O desafio é: onde posso pensar e agir politicamente? É necessariamente num partido político? Não. Pode ser em um coletivo na Universidade, na associação do seu bairro, no sindicato da sua categoria profissional e, por que não, num partido político também? Estamos num momento político que também requer ousadia nas iniciativas. O comum é o individualismo, que corrói quase todos os sentimentos coletivos que temos. Na primeira divergência ou chateação com o coletivo, já tenho motivos suficientes pra sair, desistir e pensar somente comigo mesma.

Mas antes de sequer considerar a ideia de se organizar politicamente ou antes de desistir, lembre-se que é justamente isso que nossos inimigos querem. É isso que os donos do poder querem para continuar mandando, impondo desigualdade, falta de oportunidades, políticas de encarceramento e extermínio.
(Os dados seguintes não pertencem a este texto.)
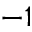Convert formula to latex. <formula><loc_0><loc_0><loc_500><loc_500>^ { - 1 }</formula>

O que eles querem é que estejamos dispersas, divergentes, fragmentadas, sozinhas, buscando um meio de sobreviver individualmente, descolada dos problemas do outro.
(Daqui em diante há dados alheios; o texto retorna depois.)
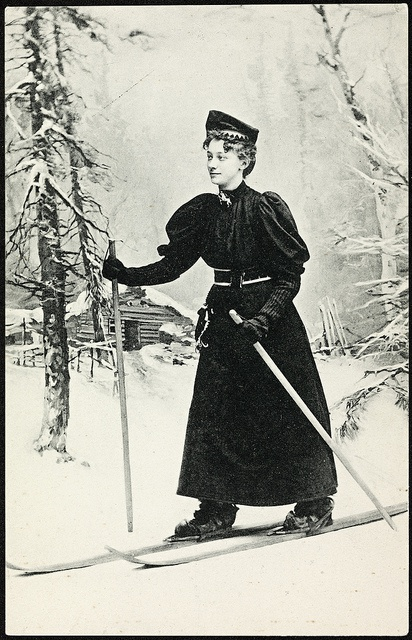Describe the objects in this image and their specific colors. I can see people in black, gray, ivory, and darkgray tones and skis in black, ivory, darkgray, lightgray, and gray tones in this image.

Porém, nós não somos indivíduos. Somos comunidade. O problema das mulheres é meu problema. O problema dos trabalhadores uberizados, é meu problema também. O racismo que privilegia brancos e brancas como eu, é principalmente um problema meu. Os abandonos afetivos e materiais que sofrem as pessoas não-heterossexuais, é um problema. E todas essas questões são nossas, de todas pessoas.

Além de votar, precisamos nos organizar sempre na esperança de subverter esses problemas, destruir opressões estruturais. Mesmo nos organizando, ainda descobrimos que somos poucas e poucos. E como conquistar então mais pessoas para a luta? Essa também é parte fundamental de quem está comprometida/o com uma democracia radical e com os direitos humanos. Mas fica para outro texto.

Neste, quero deixar uma mensagem de amor. A mensagem de que somos comunidade política, que nossos problemas não irão se resolver sozinhos. São responsabilidades e compromissos nossos. Pense em quem vai votar, e procure por partidos políticos que vocalizem e pratiquem de forma coerente essa indignação com a injustiça e a desigualdade. Mas pense também no que é possível contribuir em coletivo. Com canta Caetano, “it’s a long way”. A estrada é longa, mas se formos juntas e muitas, lutando por igualdade na medida em que visibilizamos nossas diversidades, percorremos esse caminho longo mais rápido.

Referências

BUENNO, Winnie; BURIGO, Joanna; PINHEIRO-MACHADO, Rosana; SOLANO, Esther. Tem Saída? Ensaios Críticos sobre o Brasil. Editora Zouk: Porto Alegre, 2017.

VELOSO, Caetano. It’s a long way. Londres: Gravadora Phillips, 1972.